• TASK: All lines of the material that contain "Ruurlo" must be copied out.

• DATASET RECORDS:
···

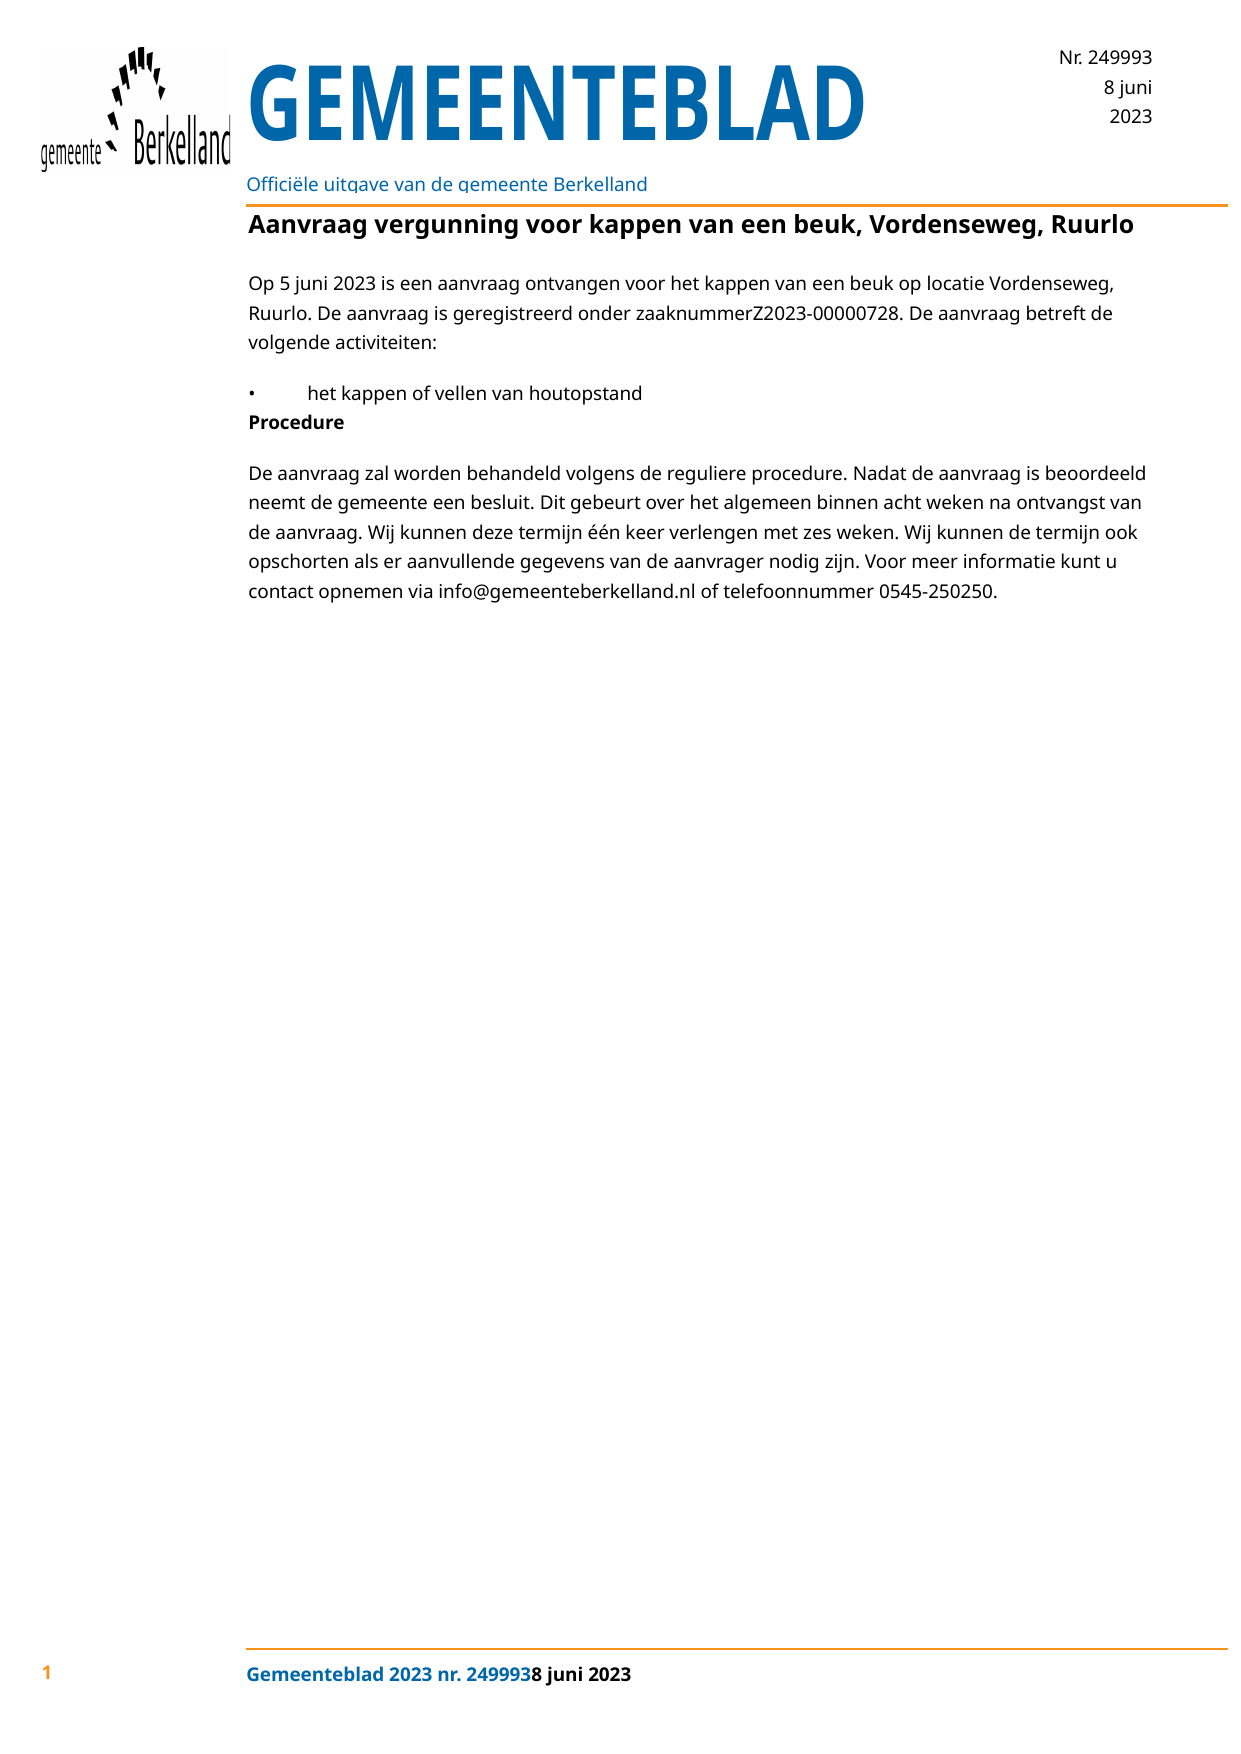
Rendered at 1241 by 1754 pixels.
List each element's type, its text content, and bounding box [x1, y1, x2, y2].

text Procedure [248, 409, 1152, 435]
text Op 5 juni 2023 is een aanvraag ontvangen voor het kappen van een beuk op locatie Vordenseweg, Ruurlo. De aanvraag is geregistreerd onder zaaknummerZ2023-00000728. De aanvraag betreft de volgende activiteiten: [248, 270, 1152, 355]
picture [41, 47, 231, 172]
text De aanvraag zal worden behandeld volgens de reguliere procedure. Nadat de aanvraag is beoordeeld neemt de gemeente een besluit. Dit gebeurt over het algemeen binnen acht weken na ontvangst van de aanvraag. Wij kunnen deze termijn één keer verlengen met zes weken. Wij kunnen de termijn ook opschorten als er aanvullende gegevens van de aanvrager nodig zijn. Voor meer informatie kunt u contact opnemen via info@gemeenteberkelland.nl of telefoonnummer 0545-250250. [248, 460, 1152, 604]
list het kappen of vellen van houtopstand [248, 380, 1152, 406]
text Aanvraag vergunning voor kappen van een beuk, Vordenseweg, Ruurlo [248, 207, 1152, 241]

···

• EXERCISE RESULT:
text Op 5 juni 2023 is een aanvraag ontvangen voor het kappen van een beuk op locatie Vordenseweg, Ruurlo. De aanvraag is geregistreerd onder zaaknummerZ2023-00000728. De aanvraag betreft de volgende activiteiten: [248, 270, 1152, 355]
text Aanvraag vergunning voor kappen van een beuk, Vordenseweg, Ruurlo [248, 207, 1152, 241]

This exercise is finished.